Data provided section start

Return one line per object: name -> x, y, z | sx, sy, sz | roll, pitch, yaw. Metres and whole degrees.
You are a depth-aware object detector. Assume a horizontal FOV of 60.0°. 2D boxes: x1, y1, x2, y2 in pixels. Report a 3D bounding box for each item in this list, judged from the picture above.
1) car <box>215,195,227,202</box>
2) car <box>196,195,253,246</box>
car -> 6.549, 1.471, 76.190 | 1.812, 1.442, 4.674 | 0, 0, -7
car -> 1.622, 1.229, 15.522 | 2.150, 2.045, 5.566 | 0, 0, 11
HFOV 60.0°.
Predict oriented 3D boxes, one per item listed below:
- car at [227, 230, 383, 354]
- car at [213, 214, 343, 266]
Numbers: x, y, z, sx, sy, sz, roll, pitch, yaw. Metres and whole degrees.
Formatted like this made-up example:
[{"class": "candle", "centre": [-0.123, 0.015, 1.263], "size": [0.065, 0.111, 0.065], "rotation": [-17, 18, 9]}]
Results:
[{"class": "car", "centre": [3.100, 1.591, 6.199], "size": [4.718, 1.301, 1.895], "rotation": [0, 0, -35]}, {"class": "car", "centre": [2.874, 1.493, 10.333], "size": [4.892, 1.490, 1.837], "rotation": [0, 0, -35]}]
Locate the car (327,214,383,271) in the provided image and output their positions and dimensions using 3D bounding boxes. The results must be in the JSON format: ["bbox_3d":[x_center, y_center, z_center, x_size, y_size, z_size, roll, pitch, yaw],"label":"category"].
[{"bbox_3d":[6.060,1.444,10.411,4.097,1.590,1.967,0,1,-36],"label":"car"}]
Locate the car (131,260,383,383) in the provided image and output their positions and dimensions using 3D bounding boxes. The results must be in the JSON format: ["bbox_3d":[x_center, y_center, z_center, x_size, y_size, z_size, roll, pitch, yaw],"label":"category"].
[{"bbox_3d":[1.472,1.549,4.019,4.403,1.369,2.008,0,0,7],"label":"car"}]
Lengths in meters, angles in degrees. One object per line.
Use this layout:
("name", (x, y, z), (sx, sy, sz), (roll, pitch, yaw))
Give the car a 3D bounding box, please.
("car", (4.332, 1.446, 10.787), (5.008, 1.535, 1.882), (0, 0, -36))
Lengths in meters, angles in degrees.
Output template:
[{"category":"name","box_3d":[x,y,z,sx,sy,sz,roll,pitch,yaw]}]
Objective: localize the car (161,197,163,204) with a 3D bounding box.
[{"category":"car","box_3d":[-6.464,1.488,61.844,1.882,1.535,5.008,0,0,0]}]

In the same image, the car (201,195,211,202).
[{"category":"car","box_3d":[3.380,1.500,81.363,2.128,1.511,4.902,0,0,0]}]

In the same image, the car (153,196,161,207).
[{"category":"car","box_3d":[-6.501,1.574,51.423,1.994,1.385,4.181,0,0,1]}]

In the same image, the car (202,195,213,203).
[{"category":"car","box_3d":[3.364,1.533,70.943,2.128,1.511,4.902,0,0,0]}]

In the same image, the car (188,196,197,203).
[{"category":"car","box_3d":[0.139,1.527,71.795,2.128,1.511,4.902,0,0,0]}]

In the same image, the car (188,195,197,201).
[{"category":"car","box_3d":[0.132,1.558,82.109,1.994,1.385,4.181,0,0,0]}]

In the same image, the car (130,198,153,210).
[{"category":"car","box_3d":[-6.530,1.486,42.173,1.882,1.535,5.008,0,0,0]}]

Data provided section end

Produce an exact copy of all the records.

Task solution:
Return one line per object: name -> x, y, z | sx, sy, sz | roll, pitch, yaw. Metres and whole degrees.
You are a depth-aware object detector. Assume a horizontal FOV of 60.0°. 2D boxes: x1, y1, x2, y2 in pixels. Report a 3D bounding box for each item in this list, judged from the picture above.
1) car <box>215,195,227,202</box>
2) car <box>196,195,253,246</box>
car -> 6.549, 1.471, 76.190 | 1.812, 1.442, 4.674 | 0, 0, -7
car -> 1.622, 1.229, 15.522 | 2.150, 2.045, 5.566 | 0, 0, 11
HFOV 60.0°.
Predict oriented 3D boxes, one per item listed below:
- car at [227, 230, 383, 354]
- car at [213, 214, 343, 266]
Numbers: x, y, z, sx, sy, sz, roll, pitch, yaw. Metres and whole degrees.
Formatted like this made-up example:
[{"class": "candle", "centre": [-0.123, 0.015, 1.263], "size": [0.065, 0.111, 0.065], "rotation": [-17, 18, 9]}]
Results:
[{"class": "car", "centre": [3.100, 1.591, 6.199], "size": [4.718, 1.301, 1.895], "rotation": [0, 0, -35]}, {"class": "car", "centre": [2.874, 1.493, 10.333], "size": [4.892, 1.490, 1.837], "rotation": [0, 0, -35]}]
Locate the car (327,214,383,271) in the provided image and output their positions and dimensions using 3D bounding boxes. The results must be in the JSON format: ["bbox_3d":[x_center, y_center, z_center, x_size, y_size, z_size, roll, pitch, yaw],"label":"category"].
[{"bbox_3d":[6.060,1.444,10.411,4.097,1.590,1.967,0,1,-36],"label":"car"}]
Locate the car (131,260,383,383) in the provided image and output their positions and dimensions using 3D bounding boxes. The results must be in the JSON format: ["bbox_3d":[x_center, y_center, z_center, x_size, y_size, z_size, roll, pitch, yaw],"label":"category"].
[{"bbox_3d":[1.472,1.549,4.019,4.403,1.369,2.008,0,0,7],"label":"car"}]
Lengths in meters, angles in degrees. One object per line.
Use this layout:
("name", (x, y, z), (sx, sy, sz), (roll, pitch, yaw))
Give the car a 3D bounding box, please.
("car", (4.332, 1.446, 10.787), (5.008, 1.535, 1.882), (0, 0, -36))
Lengths in meters, angles in degrees.
Output template:
[{"category":"name","box_3d":[x,y,z,sx,sy,sz,roll,pitch,yaw]}]
Objective: localize the car (161,197,163,204) with a 3D bounding box.
[{"category":"car","box_3d":[-6.464,1.488,61.844,1.882,1.535,5.008,0,0,0]}]

In the same image, the car (201,195,211,202).
[{"category":"car","box_3d":[3.380,1.500,81.363,2.128,1.511,4.902,0,0,0]}]

In the same image, the car (153,196,161,207).
[{"category":"car","box_3d":[-6.501,1.574,51.423,1.994,1.385,4.181,0,0,1]}]

In the same image, the car (202,195,213,203).
[{"category":"car","box_3d":[3.364,1.533,70.943,2.128,1.511,4.902,0,0,0]}]

In the same image, the car (188,196,197,203).
[{"category":"car","box_3d":[0.139,1.527,71.795,2.128,1.511,4.902,0,0,0]}]

In the same image, the car (188,195,197,201).
[{"category":"car","box_3d":[0.132,1.558,82.109,1.994,1.385,4.181,0,0,0]}]

In the same image, the car (130,198,153,210).
[{"category":"car","box_3d":[-6.530,1.486,42.173,1.882,1.535,5.008,0,0,0]}]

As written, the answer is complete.